*** Opening INFORMATION PROVIDED ***

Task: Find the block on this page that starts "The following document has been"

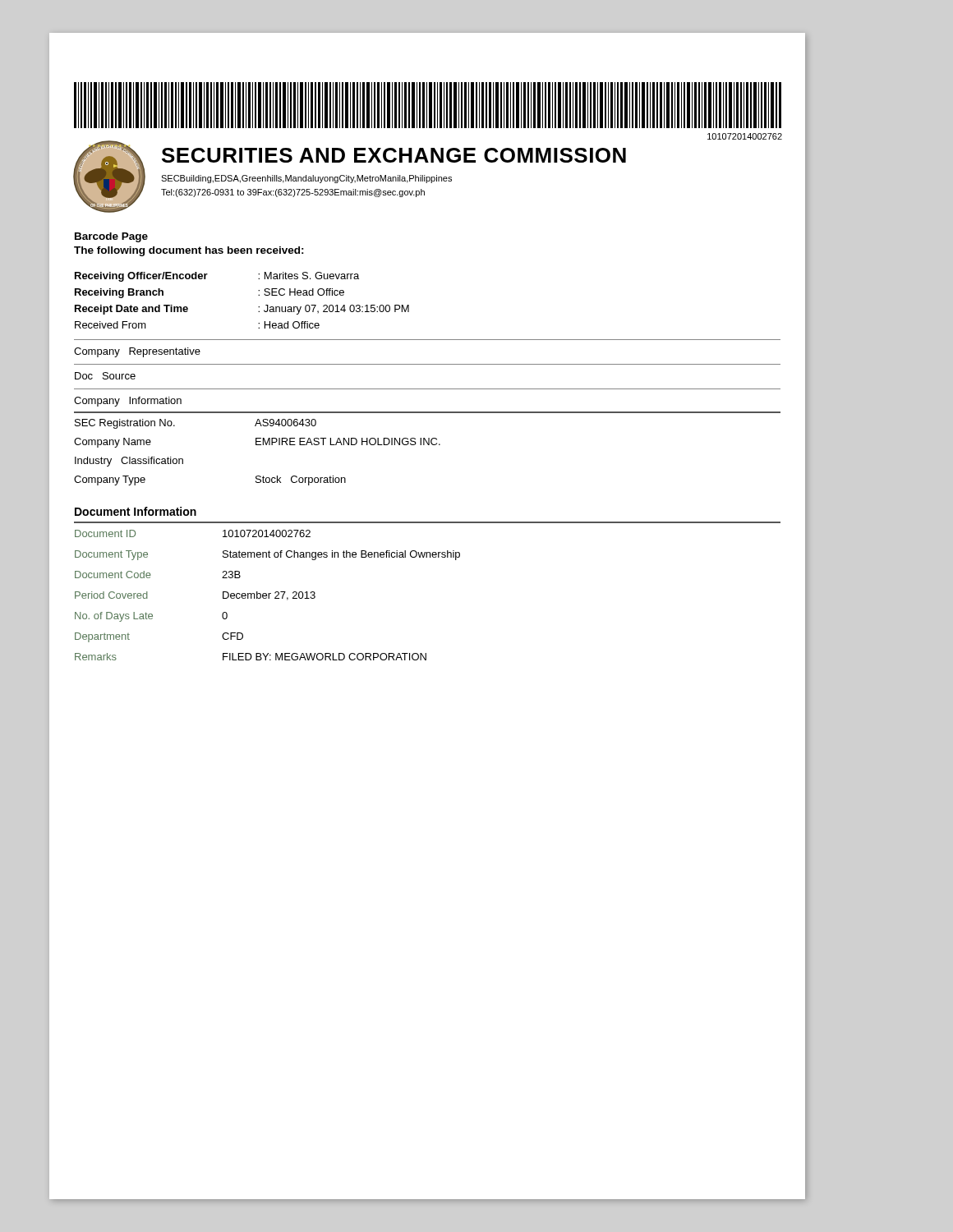Action: pos(189,250)
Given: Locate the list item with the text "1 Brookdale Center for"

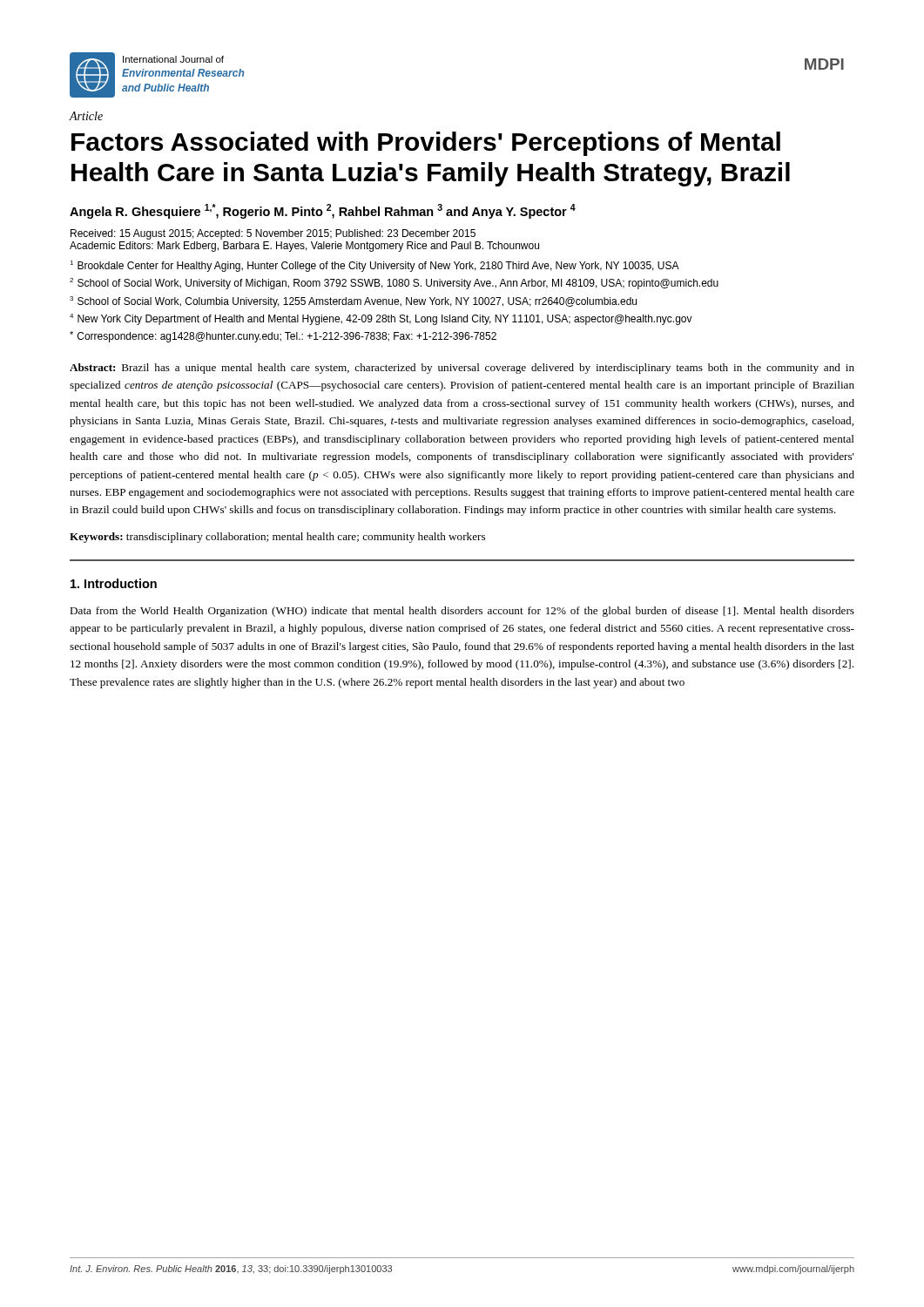Looking at the screenshot, I should pyautogui.click(x=462, y=266).
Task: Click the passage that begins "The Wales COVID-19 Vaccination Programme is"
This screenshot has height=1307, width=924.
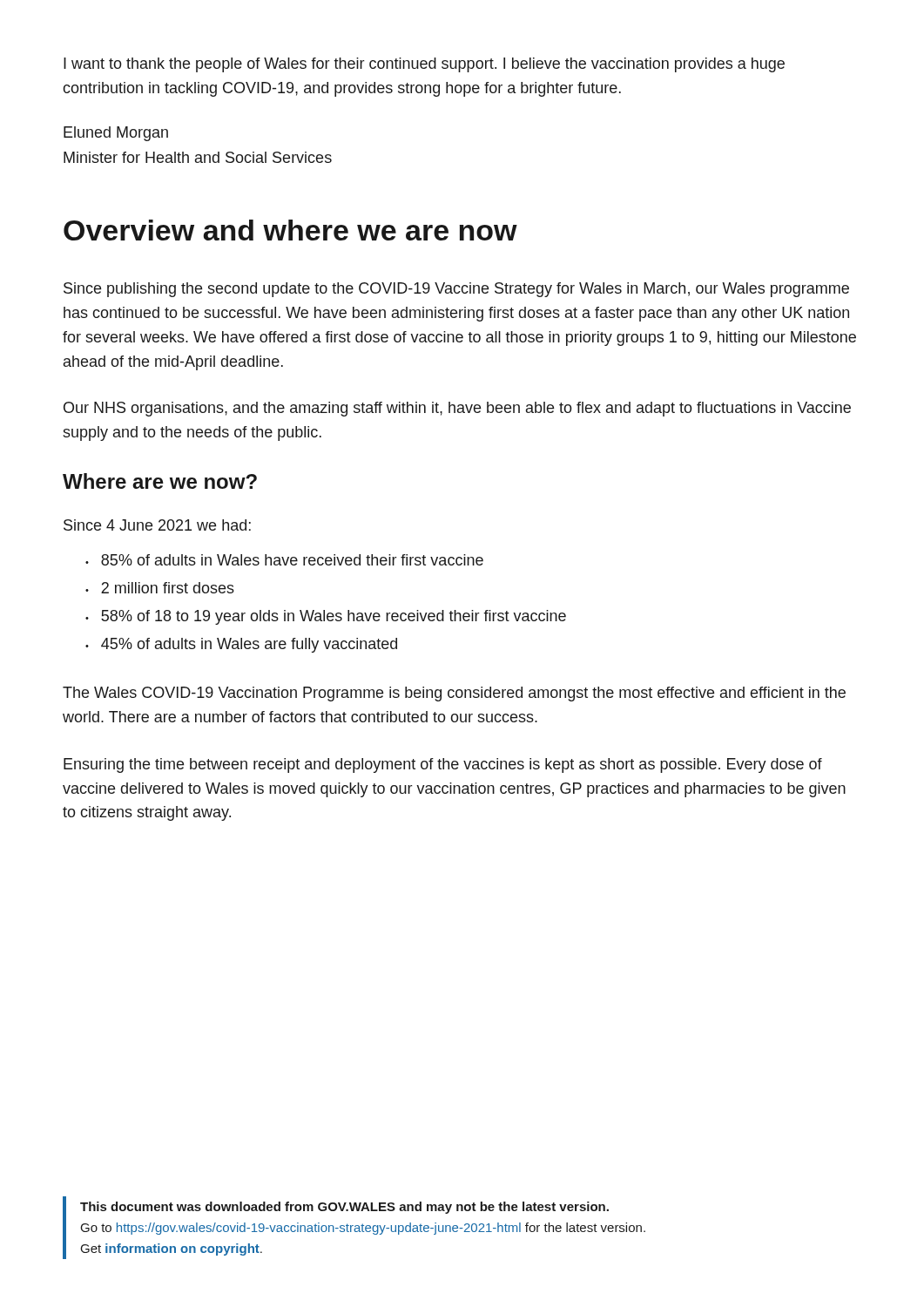Action: [462, 706]
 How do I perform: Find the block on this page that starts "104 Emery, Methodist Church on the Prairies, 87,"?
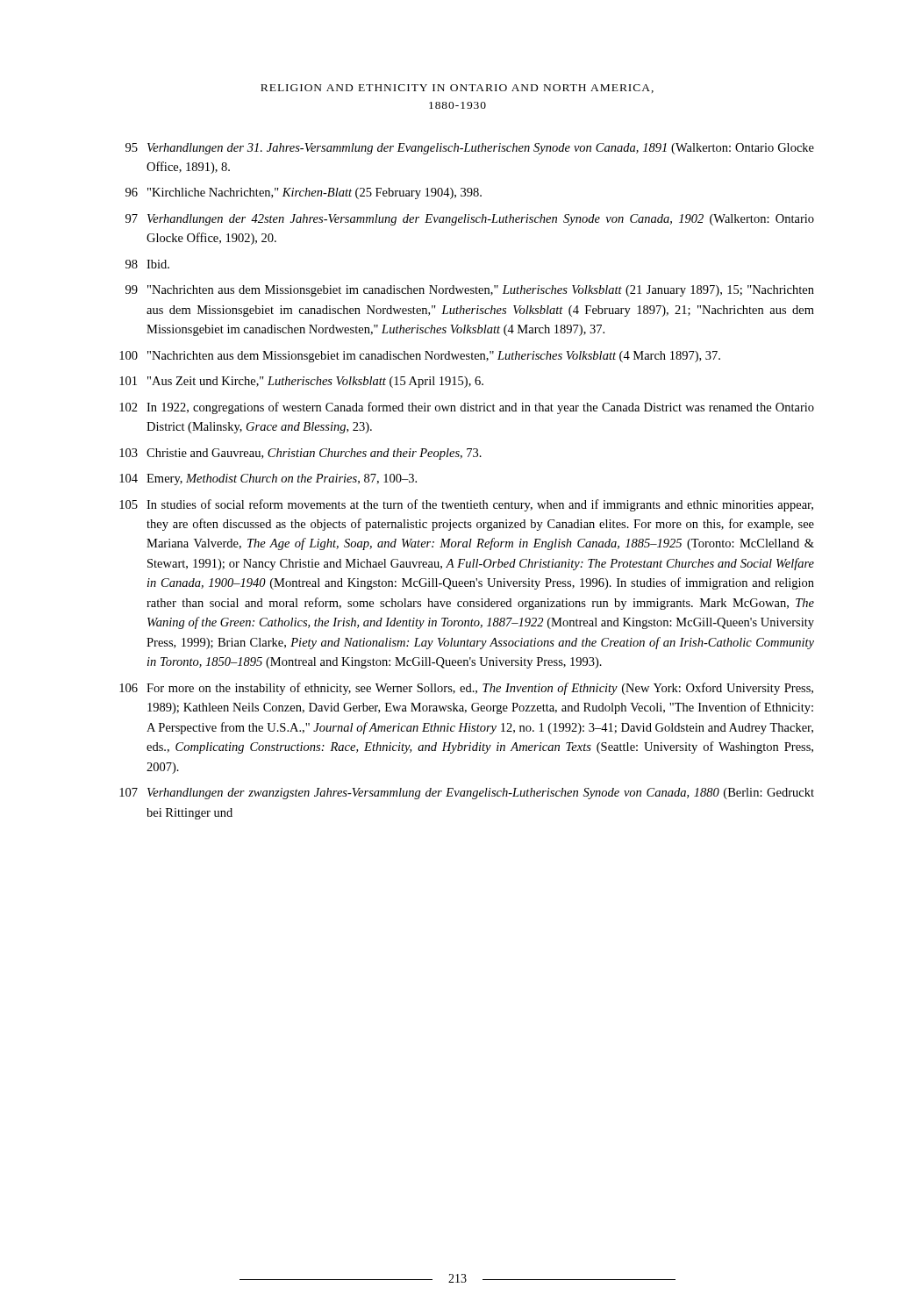click(268, 479)
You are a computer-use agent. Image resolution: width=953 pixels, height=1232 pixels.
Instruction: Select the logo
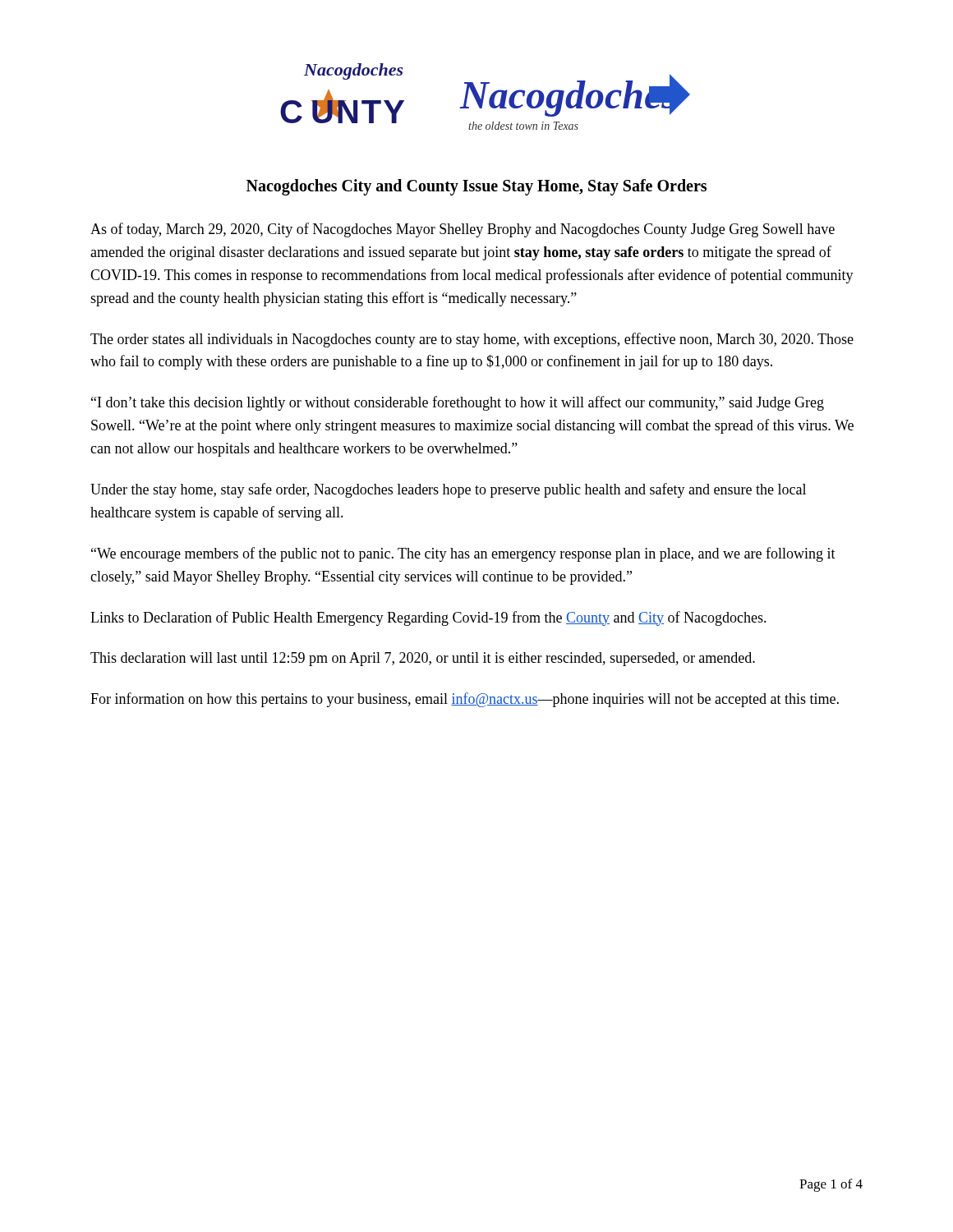(x=476, y=101)
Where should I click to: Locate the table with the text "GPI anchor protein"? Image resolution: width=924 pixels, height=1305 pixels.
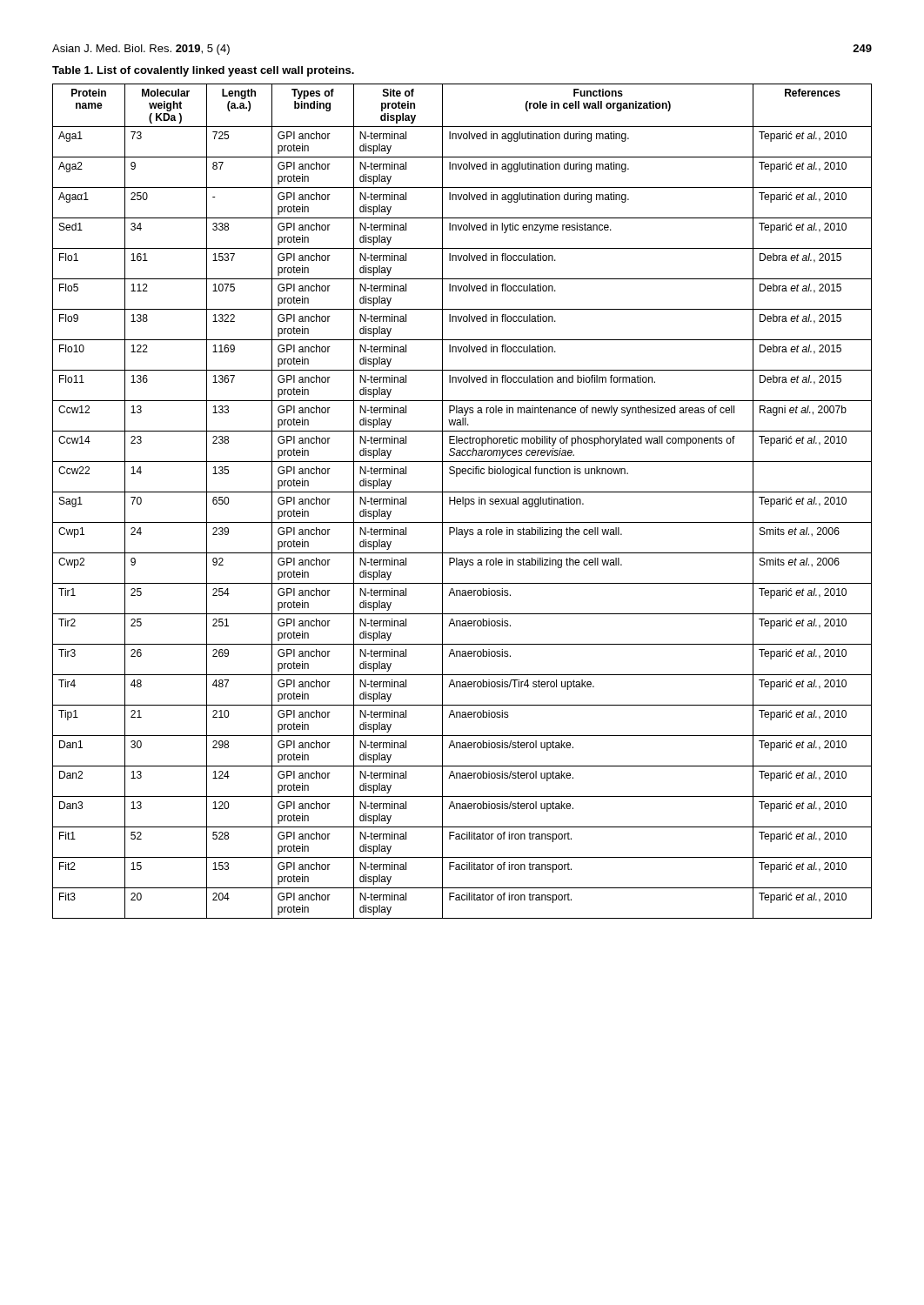tap(462, 501)

*** Closing INFORMATION PROVIDED ***

**TASK REQUIREMENTS:**
Your copy should match the records word for word, with the pictures removed.

**SOLUTION TO THIS EXERCISE:**
Task: Find the block on this page that starts "The following document has been"

Action: pos(189,250)
Given: Locate the list item with the text "1 Brookdale Center for"

Looking at the screenshot, I should pyautogui.click(x=462, y=266).
Task: Click the passage that begins "The Wales COVID-19 Vaccination Programme is"
This screenshot has height=1307, width=924.
Action: [462, 706]
 How do I perform: Find the block on this page that starts "104 Emery, Methodist Church on the Prairies, 87,"?
click(268, 479)
You are a computer-use agent. Image resolution: width=953 pixels, height=1232 pixels.
Instruction: Select the logo
(x=476, y=101)
Where should I click to: Locate the table with the text "GPI anchor protein"? Image resolution: width=924 pixels, height=1305 pixels.
tap(462, 501)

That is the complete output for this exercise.